Carrie, how could you?

The second most disappointing thing about Voyage of the Dawn Treader was Carrie Underwood. She wrote the song that will probably be competing for the Academy Award for best song. I was watching the credits for once because I wanted to see where they filmed the movie (New Zealand, of course). So I could not miss Carrie singing one of those songs that is religious without any Jesus in it. I think it is probably exactly the kind of song Lewis would have had Wormwood producing in the Screwtape Letters to make sure humans are fed light faith that doesn’t even need to be tempted.

Here is the most delusion-inducing stanza:

We can be the kings and queens of anything if we believe.
It’s written in the stars that shine above,
a world where you and I belong, where faith and love will keep us strong,
exactly who we are is just enough
there’s a place for us, there’s a place for us.

I’m sure Carrie means well. And if one listens to the whole lyric with Jesus in mind, it is easy to supply the truth that is not stated. But she could have least said, “If Aslan rips your skin off you have a chance to live.” She might have said, like the movie even said, “If you meet the Aslan of our world, who goes by another name you can enter that place for you.” Instead, she ended the watered-down tale by watering it down even more.

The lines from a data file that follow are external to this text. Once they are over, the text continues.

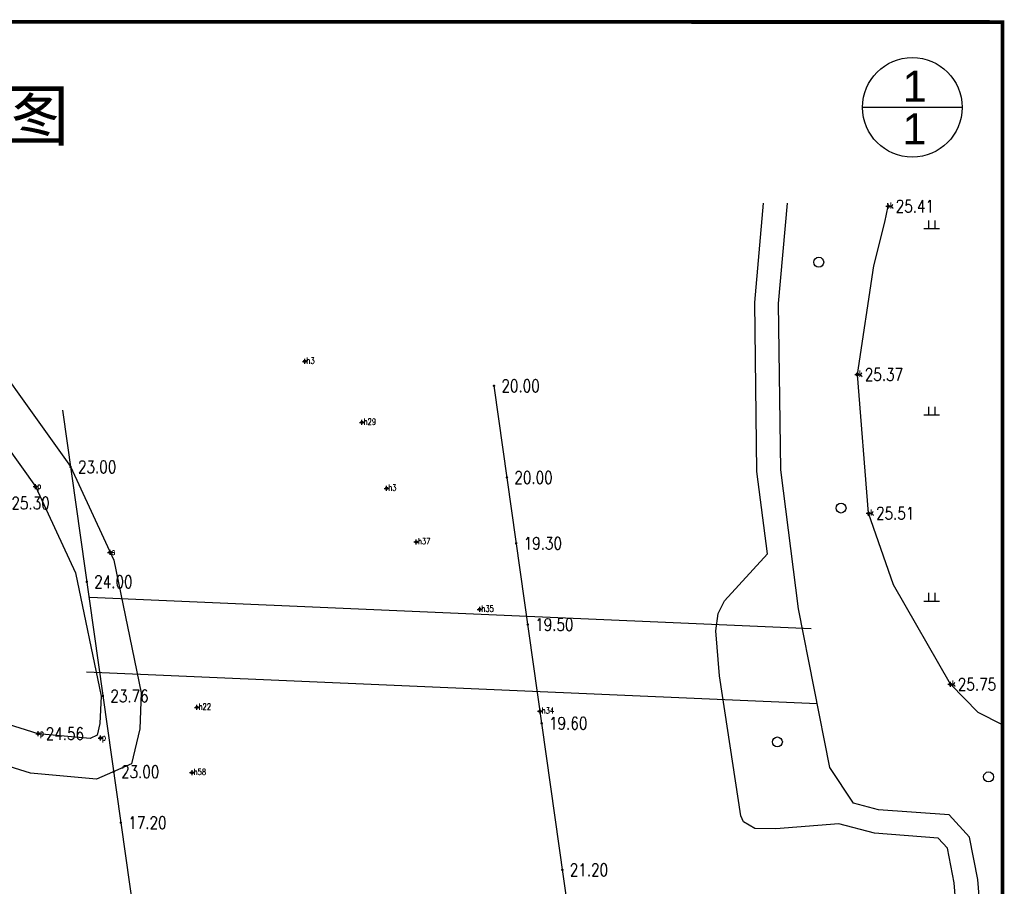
# Model space of a CAD drawing. Extents: x 475446 to 490894, y 3788879 to 3821323.
# Tile 26 of 75: x 484463 to 484542, y 3817489 to 3817559. Entities that reach past the tile are written whole.
import ezdxf
from ezdxf.enums import TextEntityAlignment as Align

# ---------------------------------------------------------------- set-up
doc = ezdxf.new("R2010")
doc.units = 0
doc.header["$LTSCALE"] = 0.5
doc.header["$PDMODE"] = 34
doc.header["$PDSIZE"] = 0.2
doc.layers.get('0').update_dxf_attribs({"linetype": 'CONTINUOUS'})
for name, color, linetype in [('DMTZ', 3, 'CONTINUOUS'), ('dmx', 1, 'CONTINUOUS'), ('GCD', 1, 'CONTINUOUS'), ('SXSS', 5, 'CONTINUOUS'), ('ZBTZ', 3, 'CONTINUOUS'), ('zdh', 7, 'CONTINUOUS'), ('钻孔', 7, 'CONTINUOUS')]:
    doc.layers.add(name, color=color, linetype=linetype)
doc.styles.add('HT', font='simhei_0.ttf', dxfattribs={"height": 12})
doc.styles.add('HZ', font='rs.shx', dxfattribs={"width": 0.8, "bigfont": 'hztxt.shx'})
doc.styles.get("Standard").update_dxf_attribs({"font": 'rs.shx', "bigfont": 'hztxt.shx'})
doc.linetypes.add('10421', pattern='A,2,[150,AAA.SHX,S=0.5,R=0,X=0,Y=0.5],1e-11', length=2)
doc.linetypes.add('833', pattern='A,2,[150,AAA.SHX,S=0.8,R=0,X=0,Y=0.8],2,[150,AAA.SHX,S=2,R=0,X=0,Y=2],1e-11', length=4)

# ---------------------------------------------------------------- blocks, each defined once
blk = doc.blocks.new('GC200')
at = {"linetype": 'Continuous', "const_width": 0.2, "flags": 128}
blk.add_lwpolyline([(-0.1, 0, 1), (0.1, 0, 1)], format="xyb", close=True, dxfattribs=at)
blk = doc.blocks.new('gc326')
blk.add_circle((0, 0), 0.8)

msp = doc.modelspace()

# ---------------------------------------------------------------- linework, layer by layer
for p, q in [((484535.44, 3817541.971), (484536.69, 3817541.971)), ((484535.815, 3817542.621), (484535.815, 3817541.971)), ((484536.315, 3817542.621), (484536.315, 3817541.971)), ((484535.815, 3817527.621), (484535.815, 3817526.971)), ((484536.315, 3817527.621), (484536.315, 3817526.971)), ((484535.44, 3817526.971), (484536.69, 3817526.971)), ((484535.815, 3817512.621), (484535.815, 3817511.971)), ((484536.315, 3817512.621), (484536.315, 3817511.971)), ((484535.44, 3817511.971), (484536.69, 3817511.971))]:
    msp.add_line(p, q)
at = {"color": 3, "linetype": 'Continuous', "lineweight": 30, "elevation": 26.092, "flags": 128}
for points in [[(484468.194, 3817512.269), (484526.357, 3817509.747)], [(484467.934, 3817506.275), (484526.831, 3817503.721)]]:
    msp.add_lwpolyline(points, dxfattribs=at)
at = {"layer": 'DMTZ', "linetype": '10421', "flags": 128}
for points in [[(484541.643, 3817470.997), (484541.35, 3817471.435), (484540.83, 3817476.316), (484539.771, 3817489.523), (484539.119, 3817492.957), (484537.461, 3817494.733), (484531.772, 3817495.157), (484529.758, 3817495.69), (484527.861, 3817498.546), (484525.314, 3817511.335), (484523.893, 3817522.545), (484523.715, 3817535.941), (484524.43, 3817544.014)], [(484541.765, 3817501.988), (484539.794, 3817502.985), (484537.569, 3817505.261), (484532.981, 3817513.262), (484530.977, 3817519.041), (484530.067, 3817530.216), (484531.399, 3817538.964), (484532.282, 3817542.495), (484532.56, 3817543.773), (484532.532, 3817544.014)]]:
    msp.add_lwpolyline(points, dxfattribs=at)
at = {"layer": 'dmx', "linetype": 'Continuous'}
for points in [[(484500.774, 3817529.303), (484514.771, 3817430.288)], [(484465.99, 3817527.357), (484480.439, 3817425.142)]]:
    msp.add_lwpolyline(points, dxfattribs=at)
at = {"layer": 'SXSS', "linetype": '833', "elevation": 26.092, "flags": 128}
msp.add_lwpolyline([(484444.894, 3817544.014), (484455.074, 3817533.424), (484463.822, 3817521.185), (484467.036, 3817514.246), (484469.092, 3817504.298), (484469.01, 3817502.113), (484468.785, 3817501.156), (484468.209, 3817500.907), (484464.038, 3817501.28), (484454.865, 3817504.151), (484442.87, 3817506.886), (484431.391, 3817511.531), (484413.798, 3817515.809), (484403.104, 3817519.338), (484385.358, 3817527.958), (484358.684, 3817537.414), (484349.136, 3817538.845)], dxfattribs=at)
at = {"layer": 'SXSS', "linetype": 'Continuous', "elevation": 26.092, "flags": 128}
msp.add_lwpolyline([(484449.364, 3817544.014), (484457.56, 3817535.488), (484466.619, 3817522.813), (484470.117, 3817515.263), (484472.327, 3817504.567), (484472.218, 3817501.681), (484471.553, 3817498.841), (484468.737, 3817497.624), (484463.406, 3817498.101), (484454.025, 3817501.037), (484441.901, 3817503.801), (484430.401, 3817508.455), (484412.911, 3817512.708), (484401.89, 3817516.345), (484384.112, 3817524.98), (484357.9, 3817534.273), (484349.14, 3817535.586)], dxfattribs=at)
at = {"layer": 'SXSS', "linetype": 'Continuous', "flags": 128}
msp.add_lwpolyline([(484538.923, 3817476.094), (484537.867, 3817489.267), (484537.338, 3817492.054), (484536.571, 3817492.876), (484531.453, 3817493.257), (484528.563, 3817494.022), (484523.499, 3817493.616), (484521.795, 3817493.636), (484520.889, 3817494.178), (484520.676, 3817494.671), (484518.944, 3817505.948), (484518.665, 3817509.57), (484518.841, 3817510.96), (484519.365, 3817511.972), (484522.819, 3817515.759), (484521.976, 3817522.411), (484521.796, 3817536.013), (484522.504, 3817544.014)], dxfattribs=at)
at = {"layer": 'zdh', "linetype": 'Continuous'}
for p in [(484532.56, 3817543.773, 25.407), (484485.523, 3817531.277, 22.88), (484530.067, 3817530.216, 25.368), (484490.132, 3817526.358, 22.869), (484463.822, 3817521.185, 25.305), (484492.117, 3817521.043, 22.875), (484530.977, 3817519.041, 25.512), (484494.511, 3817516.729, 22.878), (484469.827, 3817515.887, 22.992), (484499.626, 3817511.299, 22.885), (484537.569, 3817505.261, 25.748), (484476.828, 3817503.398, 22.877), (484504.486, 3817503.086, 22.852), (484464.038, 3817501.28, 24.561), (484469.05, 3817500.93, 23.757), (484476.428, 3817498.145, 22.898)]:
    msp.add_point(p, dxfattribs=at)
at = {"layer": '钻孔', "color": 0, "lineweight": -3}
msp.add_line((484538.509, 3817551.739), (484530.49, 3817551.739), dxfattribs=at)
at = {"layer": '钻孔', "const_width": 0.3}
msp.add_lwpolyline([(484541.765, 3817558.612), (484349.115, 3817558.649), (484349.265, 3817420.112), (484541.765, 3817420.112), (484541.765, 3817558.612)], dxfattribs=at)
at = {"layer": '钻孔', "color": 0, "lineweight": -3}
msp.add_circle((484534.499, 3817551.739), 4.009, dxfattribs=at)

# ---------------------------------------------------------------- block references
at = {"layer": 'GCD', "linetype": 'Continuous'}
ref = msp.add_blockref('GC200', (484532.56, 3817543.773, 25.407), dxfattribs=dict(at, xscale=0.5, yscale=0.5, zscale=0.5))
ref.add_attrib('height', '25.41', dxfattribs={"linetype": 'Continuous', "height": 1, "style": 'HZ', "width": 0.8}).set_placement((484533.16, 3817543.773, 25.407), align=Align.MIDDLE_LEFT)
ref = msp.add_blockref('GC200', (484530.067, 3817530.216, 25.368), dxfattribs=dict(at, xscale=0.5, yscale=0.5, zscale=0.5))
ref.add_attrib('height', '25.37', dxfattribs={"linetype": 'Continuous', "height": 1, "style": 'HZ', "width": 0.8}).set_placement((484530.667, 3817530.216, 25.368), align=Align.MIDDLE_LEFT)
ref = msp.add_blockref('GC200', (484500.774, 3817529.303, 20), dxfattribs=dict(at, xscale=0.5, yscale=0.5, zscale=0.5))
ref.add_attrib('height', '20.00', dxfattribs={"linetype": 'Continuous', "height": 1, "style": 'HZ', "width": 0.8}).set_placement((484501.374, 3817529.303, 20), align=Align.MIDDLE_LEFT)
ref = msp.add_blockref('GC200', (484466.638, 3817522.773, 23), dxfattribs=dict(at, xscale=0.5, yscale=0.5, zscale=0.5))
ref.add_attrib('height', '23.00', dxfattribs={"linetype": 'Continuous', "height": 1, "style": 'HZ', "width": 0.8}).set_placement((484467.238, 3817522.773, 23), align=Align.MIDDLE_LEFT)
ref = msp.add_blockref('GC200', (484501.818, 3817521.918, 20), dxfattribs=dict(at, xscale=0.5, yscale=0.5, zscale=0.5))
ref.add_attrib('height', '20.00', dxfattribs={"linetype": 'Continuous', "height": 1, "style": 'HZ', "width": 0.8}).set_placement((484502.418, 3817521.918, 20), align=Align.MIDDLE_LEFT)
ref = msp.add_blockref('GC200', (484463.822, 3817521.185, 25.305), dxfattribs=dict(at, xscale=0.5, yscale=0.5, zscale=0.5))
ref.add_attrib('height', '25.30', dxfattribs={"linetype": 'Continuous', "height": 1, "style": 'HZ', "width": 0.8}).set_placement((484461.868, 3817519.858, 25.305), align=Align.MIDDLE_LEFT)
ref = msp.add_blockref('GC200', (484530.977, 3817519.041, 25.512), dxfattribs=dict(at, xscale=0.5, yscale=0.5, zscale=0.5))
ref.add_attrib('height', '25.51', dxfattribs={"linetype": 'Continuous', "height": 1, "style": 'HZ', "width": 0.8}).set_placement((484531.577, 3817519.041, 25.512), align=Align.MIDDLE_LEFT)
ref = msp.add_blockref('GC200', (484502.567, 3817516.619, 19.3), dxfattribs=dict(at, xscale=0.5, yscale=0.5, zscale=0.5))
ref.add_attrib('height', '19.30', dxfattribs={"linetype": 'Continuous', "height": 1, "style": 'HZ', "width": 0.8}).set_placement((484503.167, 3817516.619, 19.3), align=Align.MIDDLE_LEFT)
ref = msp.add_blockref('GC200', (484467.946, 3817513.518, 24), dxfattribs=dict(at, xscale=0.5, yscale=0.5, zscale=0.5))
ref.add_attrib('height', '24.00', dxfattribs={"linetype": 'Continuous', "height": 1, "style": 'HZ', "width": 0.8}).set_placement((484468.546, 3817513.518, 24), align=Align.MIDDLE_LEFT)
ref = msp.add_blockref('GC200', (484503.493, 3817510.072, 19.5), dxfattribs=dict(at, xscale=0.5, yscale=0.5, zscale=0.5))
ref.add_attrib('height', '19.50', dxfattribs={"linetype": 'Continuous', "height": 1, "style": 'HZ', "width": 0.8}).set_placement((484504.093, 3817510.072, 19.5), align=Align.MIDDLE_LEFT)
ref = msp.add_blockref('GC200', (484537.569, 3817505.261, 25.748), dxfattribs=dict(at, xscale=0.5, yscale=0.5, zscale=0.5))
ref.add_attrib('height', '25.75', dxfattribs={"linetype": 'Continuous', "height": 1, "style": 'HZ', "width": 0.8}).set_placement((484538.169, 3817505.261, 25.748), align=Align.MIDDLE_LEFT)
ref = msp.add_blockref('GC200', (484469.247, 3817504.319, 23.76), dxfattribs=dict(at, xscale=0.5, yscale=0.5, zscale=0.5))
ref.add_attrib('height', '23.76', dxfattribs={"linetype": 'Continuous', "height": 1, "style": 'HZ', "width": 0.8}).set_placement((484469.847, 3817504.319), align=Align.MIDDLE_LEFT)
ref = msp.add_blockref('GC200', (484504.616, 3817502.121, 19.6), dxfattribs=dict(at, xscale=0.5, yscale=0.5, zscale=0.5))
ref.add_attrib('height', '19.60', dxfattribs={"linetype": 'Continuous', "height": 1, "style": 'HZ', "width": 0.8}).set_placement((484505.216, 3817502.121, 19.6), align=Align.MIDDLE_LEFT)
ref = msp.add_blockref('GC200', (484464.038, 3817501.28, 24.561), dxfattribs=dict(at, xscale=0.5, yscale=0.5, zscale=0.5))
ref.add_attrib('height', '24.56', dxfattribs={"linetype": 'Continuous', "height": 1, "style": 'HZ', "width": 0.8}).set_placement((484464.638, 3817501.28, 24.561), align=Align.MIDDLE_LEFT)
ref = msp.add_blockref('GC200', (484470.109, 3817498.217, 23), dxfattribs=dict(at, xscale=0.5, yscale=0.5, zscale=0.5))
ref.add_attrib('height', '23.00', dxfattribs={"linetype": 'Continuous', "height": 1, "style": 'HZ', "width": 0.8}).set_placement((484470.709, 3817498.217, 23), align=Align.MIDDLE_LEFT)
ref = msp.add_blockref('GC200', (484470.69, 3817494.11, 17.2), dxfattribs=dict(at, xscale=0.5, yscale=0.5, zscale=0.5))
ref.add_attrib('height', '17.20', dxfattribs={"linetype": 'Continuous', "height": 1, "style": 'HZ', "width": 0.8}).set_placement((484471.29, 3817494.11, 17.2), align=Align.MIDDLE_LEFT)
ref = msp.add_blockref('GC200', (484506.285, 3817490.314, 21.2), dxfattribs=dict(at, xscale=0.5, yscale=0.5, zscale=0.5))
ref.add_attrib('height', '21.20', dxfattribs={"linetype": 'Continuous', "height": 1, "style": 'HZ', "width": 0.8}).set_placement((484506.885, 3817490.314, 21.2), align=Align.MIDDLE_LEFT)
at = {"layer": 'ZBTZ', "linetype": 'Continuous', "xscale": 0.5, "yscale": 0.5}
for p in [(484526.955, 3817539.264), (484528.753, 3817519.458), (484523.62, 3817500.616), (484540.643, 3817497.801)]:
    msp.add_blockref('gc326', p, dxfattribs=at)

# ---------------------------------------------------------------- texts
at = {"color": 0, "style": 'HT'}
msp.add_attdef('工程勘探点平面位置图', (484411.97, 3817549.092), '', height=4, dxfattribs=at)
at = {"layer": 'zdh', "linetype": 'Continuous', "style": 'HZ', "width": 0.8}
for s, p in [('k', (484532.685, 3817543.586, 25.407)), ('h3', (484485.648, 3817531.09, 22.88)), ('k', (484530.192, 3817530.028, 25.368)), ('h29', (484490.257, 3817526.17, 22.869)), ('p', (484463.947, 3817520.997, 25.305)), ('h3', (484492.242, 3817520.855, 22.875)), ('k', (484531.102, 3817518.853, 25.512)), ('h37', (484494.636, 3817516.541, 22.878)), ('s', (484469.952, 3817515.7, 22.992)), ('h35', (484499.751, 3817511.111, 22.885)), ('k', (484537.694, 3817505.074, 25.748)), ('h22', (484476.953, 3817503.211, 22.877)), ('h34', (484504.611, 3817502.899, 22.852)), ('p', (484464.163, 3817501.092, 24.561)), ('p', (484469.175, 3817500.743, 23.757)), ('h58', (484476.553, 3817497.957, 22.898))]:
    msp.add_text(s, height=0.5, dxfattribs=at).set_placement(p)
at = {"layer": '钻孔', "color": 0, "lineweight": -3, "char_height": 2.5, "width": 2.5, "attachment_point": 1}
for insert in [(484533.715, 3817554.692), (484533.694, 3817551.248)]:
    msp.add_mtext('{\\fArial|b0|i0|c0|p32;1}', dxfattribs=dict(at, insert=insert))

doc.saveas('drawing.dxf')

I tuned to Gwen and said, “What is this b.s. song doing here?” (That’s my problem, of course.) Love you Carrie, but shame on you. You should have let Jesus take the wheel on that one.

I hope you enjoy The Voyage of the Dawn Treader. It is fun. There are moments that are moving and mysterious. It does not miss all the Christian underpinning it should have. It is a good tale. If you unmuzzle Jesus while you are there, it will actually be a growth experience, too: receiving what is given and lamenting what is not.